SourceCollectionTree.key_functions['find_attribute'] = mykey
# Search for the comoving distance again, the preferred AC is found.
sc2=sct.find_attribute('R')
print("#sc2 omega_m", sc2.get_process_parameter('omega_m'))
#sc2 omega_m 1.0
AttributeCalculatorDefinitions¶
The calculation that is performed by an AttributeCalculator SourceCollection is described by an AttributeCalculatorDefinition object. These objects can be created by any scientist and shared with others.
The code of an AttributeCalculatorDefinition is stored in a file on the
dataserver. This (python) file contains a new AttributeCalculator class
that is derived from the one in code base. The create_from_file()
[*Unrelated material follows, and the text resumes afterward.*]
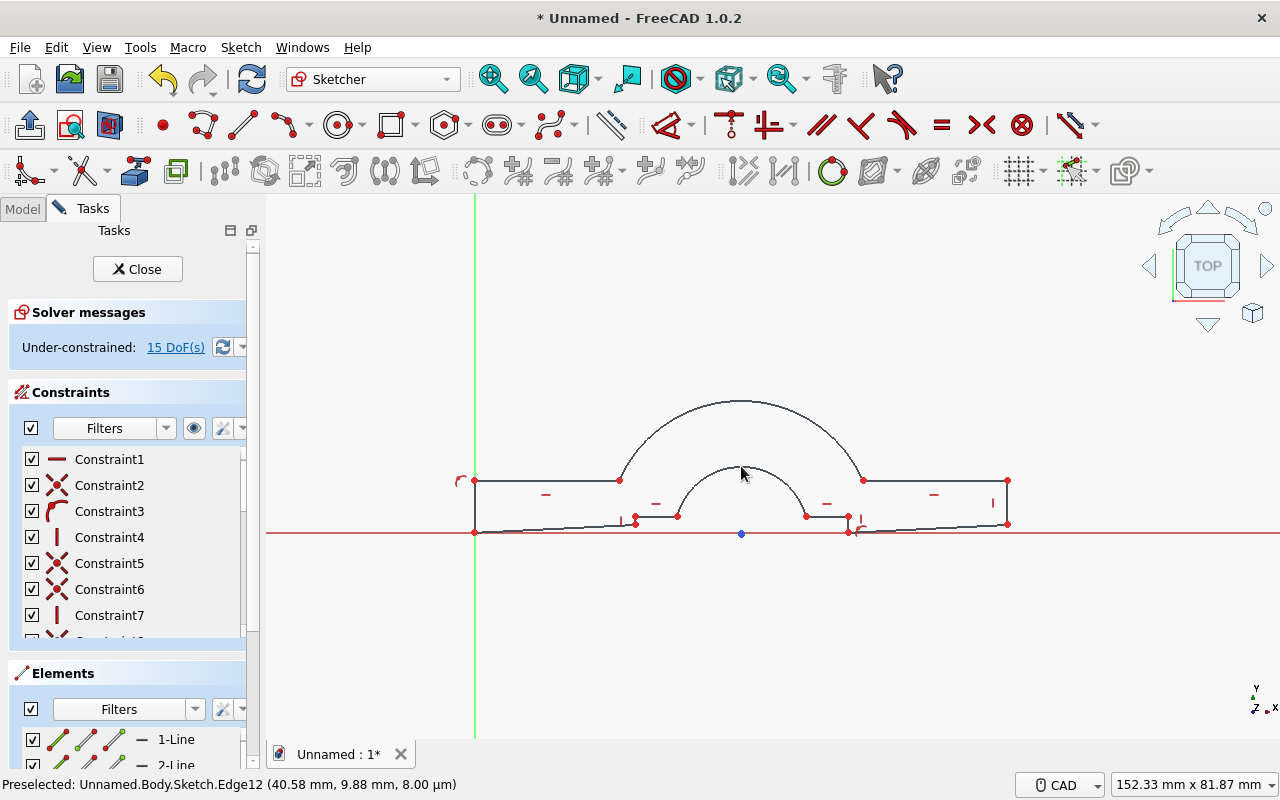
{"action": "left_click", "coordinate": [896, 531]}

method of the AttributeCalculatorDefinition class can be used to create
a new definition from this class. Auxiliary files can be used by
wrapping everything in a tarball.
The procedure for this is too long to to list in this document, see demo 17 for an example.
cd $AWEPIPE/astro/experimental/SourceCollection/demos/demo17
SAMP Interaction and Query Driven Visualization¶
A design goal of the SourceCollection classes was to be able to use them interactively over SAMP. New SAMP messages are designed to to allow query driven visualization in a more declarative way than is possible with other information systems.
The SAMP interaction is described in HOW-TO Use SAMP in Astro-WISE. The Query Driven Visualization is described in HOW-TO Use Query Driven Visualization in Astro-WISE.